Pode-se colocar no início da cidade uma placa com o seguinte
dizer: “Seja bem-vindo à Região do Caparaó”,
e, desde aqui, sinalizar a estrada para o Parque Nacional do
Caparaó. Talvez essa pequena ação fosse
um passo para o início de um desenvolvimento turístico
no nosso município.
Pela sétima fez fui visitar o Parque Nacional do Caparaó,
junto com os amigos Márcio Garcia, Luiz Henrique, Evaristo
Almeida e Samir Faria. A excursão ecológica se
deu da seguinte forma:
No
dia 27 de julho de 2005, Luiz Henrique. Márcio e Eu saímos
por volta das 14 horas de São José do Calçado,
rumo ao Parque Nacional do Caparaó. No percurso fizemos
uma parada para visitarmos a cidade de Espera Feliz –
MG, onde fizemos uma foto num monumento da Praça Pública
e frente à Igreja Matriz. O Parque se localiza a 120
km de São José do Calçado, passando por
Dores do Rio Preto – ES, Espera Feliz – MG, Alto
Jequitibá – MG e Alto Caparaó – MG,
última cidade antes de subir para a portaria do Parque.
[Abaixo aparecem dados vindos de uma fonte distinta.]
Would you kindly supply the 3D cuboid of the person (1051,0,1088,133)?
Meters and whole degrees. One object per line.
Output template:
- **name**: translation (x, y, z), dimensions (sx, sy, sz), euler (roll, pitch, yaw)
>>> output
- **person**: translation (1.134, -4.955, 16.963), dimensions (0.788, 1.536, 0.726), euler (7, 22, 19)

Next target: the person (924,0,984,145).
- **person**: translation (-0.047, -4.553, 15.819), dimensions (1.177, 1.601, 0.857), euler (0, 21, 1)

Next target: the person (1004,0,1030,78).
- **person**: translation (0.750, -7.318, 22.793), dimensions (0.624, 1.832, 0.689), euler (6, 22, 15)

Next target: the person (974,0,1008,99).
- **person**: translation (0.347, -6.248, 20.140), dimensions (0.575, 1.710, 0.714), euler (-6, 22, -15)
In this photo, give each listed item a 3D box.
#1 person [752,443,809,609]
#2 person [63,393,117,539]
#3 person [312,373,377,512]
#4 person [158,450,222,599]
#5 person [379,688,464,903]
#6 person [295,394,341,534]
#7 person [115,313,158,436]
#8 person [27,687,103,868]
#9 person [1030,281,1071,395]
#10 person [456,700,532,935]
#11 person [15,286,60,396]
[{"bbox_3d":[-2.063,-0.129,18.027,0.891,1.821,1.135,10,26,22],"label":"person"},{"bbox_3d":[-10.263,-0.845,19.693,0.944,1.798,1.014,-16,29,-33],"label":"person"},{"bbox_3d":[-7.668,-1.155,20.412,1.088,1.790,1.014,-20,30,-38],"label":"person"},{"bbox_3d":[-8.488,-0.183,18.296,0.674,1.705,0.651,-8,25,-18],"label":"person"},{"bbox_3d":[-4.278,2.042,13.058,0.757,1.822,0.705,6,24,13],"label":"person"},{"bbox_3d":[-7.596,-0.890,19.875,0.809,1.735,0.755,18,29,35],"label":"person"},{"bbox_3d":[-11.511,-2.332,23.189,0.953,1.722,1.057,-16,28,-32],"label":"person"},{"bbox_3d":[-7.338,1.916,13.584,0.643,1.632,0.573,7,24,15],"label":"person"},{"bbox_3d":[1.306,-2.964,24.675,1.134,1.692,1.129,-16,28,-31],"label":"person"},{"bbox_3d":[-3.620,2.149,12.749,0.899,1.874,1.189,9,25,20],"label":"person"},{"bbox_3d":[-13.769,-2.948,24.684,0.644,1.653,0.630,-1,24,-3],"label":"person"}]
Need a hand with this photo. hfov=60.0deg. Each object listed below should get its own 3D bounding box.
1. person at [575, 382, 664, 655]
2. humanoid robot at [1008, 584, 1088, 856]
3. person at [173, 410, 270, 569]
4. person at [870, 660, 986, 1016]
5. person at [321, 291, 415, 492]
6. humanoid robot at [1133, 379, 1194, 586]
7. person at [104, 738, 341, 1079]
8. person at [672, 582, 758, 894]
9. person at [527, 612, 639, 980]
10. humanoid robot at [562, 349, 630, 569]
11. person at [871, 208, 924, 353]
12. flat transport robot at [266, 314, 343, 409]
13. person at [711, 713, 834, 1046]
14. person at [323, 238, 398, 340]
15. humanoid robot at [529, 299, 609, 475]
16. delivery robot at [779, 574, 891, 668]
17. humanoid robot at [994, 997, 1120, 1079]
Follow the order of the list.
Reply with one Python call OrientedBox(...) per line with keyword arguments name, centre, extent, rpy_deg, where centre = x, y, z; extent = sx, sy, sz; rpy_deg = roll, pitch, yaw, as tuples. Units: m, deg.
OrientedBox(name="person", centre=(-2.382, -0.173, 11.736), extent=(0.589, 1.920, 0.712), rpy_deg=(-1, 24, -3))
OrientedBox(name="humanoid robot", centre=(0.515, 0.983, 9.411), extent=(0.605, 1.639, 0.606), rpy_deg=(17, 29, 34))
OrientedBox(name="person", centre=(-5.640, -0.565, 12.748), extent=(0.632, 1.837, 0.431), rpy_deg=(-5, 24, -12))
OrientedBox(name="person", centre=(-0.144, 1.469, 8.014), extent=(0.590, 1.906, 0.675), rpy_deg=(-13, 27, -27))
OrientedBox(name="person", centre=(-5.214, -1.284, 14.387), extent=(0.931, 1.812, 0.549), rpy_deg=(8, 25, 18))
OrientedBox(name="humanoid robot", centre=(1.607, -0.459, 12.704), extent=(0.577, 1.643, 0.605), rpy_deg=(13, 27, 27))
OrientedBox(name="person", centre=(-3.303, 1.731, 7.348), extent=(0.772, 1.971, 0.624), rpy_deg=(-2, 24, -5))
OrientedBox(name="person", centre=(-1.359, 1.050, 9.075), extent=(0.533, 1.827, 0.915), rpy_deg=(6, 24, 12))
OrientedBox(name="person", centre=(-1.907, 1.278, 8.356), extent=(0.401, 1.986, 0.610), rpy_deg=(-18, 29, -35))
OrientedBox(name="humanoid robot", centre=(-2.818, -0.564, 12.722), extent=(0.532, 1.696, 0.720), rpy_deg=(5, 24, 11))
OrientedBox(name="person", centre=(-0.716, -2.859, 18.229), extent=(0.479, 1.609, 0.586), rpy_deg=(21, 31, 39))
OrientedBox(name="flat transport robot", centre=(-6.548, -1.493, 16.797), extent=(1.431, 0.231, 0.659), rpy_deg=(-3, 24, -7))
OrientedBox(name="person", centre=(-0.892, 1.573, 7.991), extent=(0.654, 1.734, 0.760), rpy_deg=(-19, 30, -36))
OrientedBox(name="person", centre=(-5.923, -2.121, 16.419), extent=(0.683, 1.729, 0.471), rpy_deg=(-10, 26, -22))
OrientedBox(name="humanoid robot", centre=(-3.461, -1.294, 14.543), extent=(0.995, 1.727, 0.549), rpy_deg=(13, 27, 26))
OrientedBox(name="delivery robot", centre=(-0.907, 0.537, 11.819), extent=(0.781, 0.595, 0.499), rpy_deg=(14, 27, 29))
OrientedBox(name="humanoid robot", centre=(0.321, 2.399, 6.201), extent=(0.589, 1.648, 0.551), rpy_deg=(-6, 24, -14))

Não deixamos passar nada por despercebido, aproveitamos
para olharmos em todos os detalhes de cada lugar que passávamos.
Chegamos
à cidade de Alto Caparaó por volta das 16 horas
e 40 minutos, aproveitamos para fazer as compras das coisas
que tínhamos esquecidos, fizemos um pequeno passeio pela
cidade, (foto à esquerda do coreto da Praça de
Alto Caparaó e ao fundo a Igreja Matriz). Em seguida
demos continuidade a nossa viajem, com destino agora ao Parque
Nacional do Caparaó. O Parque foi criado em 1961, fica
a leste do Estado de Minas Gerais e a Sudoeste do Espírito
Santo, nos municípios de Espera Feliz e Caparaó,
em Minas, e Iúna, Alegre, Dores do Rio Preto e Divino
de São Lourenço, no Espírito Santo. Sua
área é de 25 mil hectares, com grandes trechos
de mata pluvial tropical e de vegetação rupestre.
A
região da Serra do Caparaó apresenta as maiores
altitudes do sudoeste do Brasil, em torno dos 2.000 metros acima
do nível do mar. O ponto culminante é o Pico da
Bandeira, com 2.890 metros. Do primeiro acampamento (tronqueira),
já é possível estar acima das nuvens, onde
do mirante se tem uma visão de uma imensa cadeia montanhosa
além das cidades de Alto Caparaó - MG, Manhumirim
- MG, Carangola - MG e outras. O acampamento possui uma infra-estrutura
para atender a todos, com banheiros, lava-pratos, estacionamento
e fiscalização permanente. Da tronqueira até
o Pico são 9 km de caminhada. (Foto à esquerda
do mirante – tronqueira).
No
acampamento é preciso ter cuidado com os Quatís,
não por eles serem perigosos, o que não são,
mas por terem a mania de roubarem as comidas dos montanhistas.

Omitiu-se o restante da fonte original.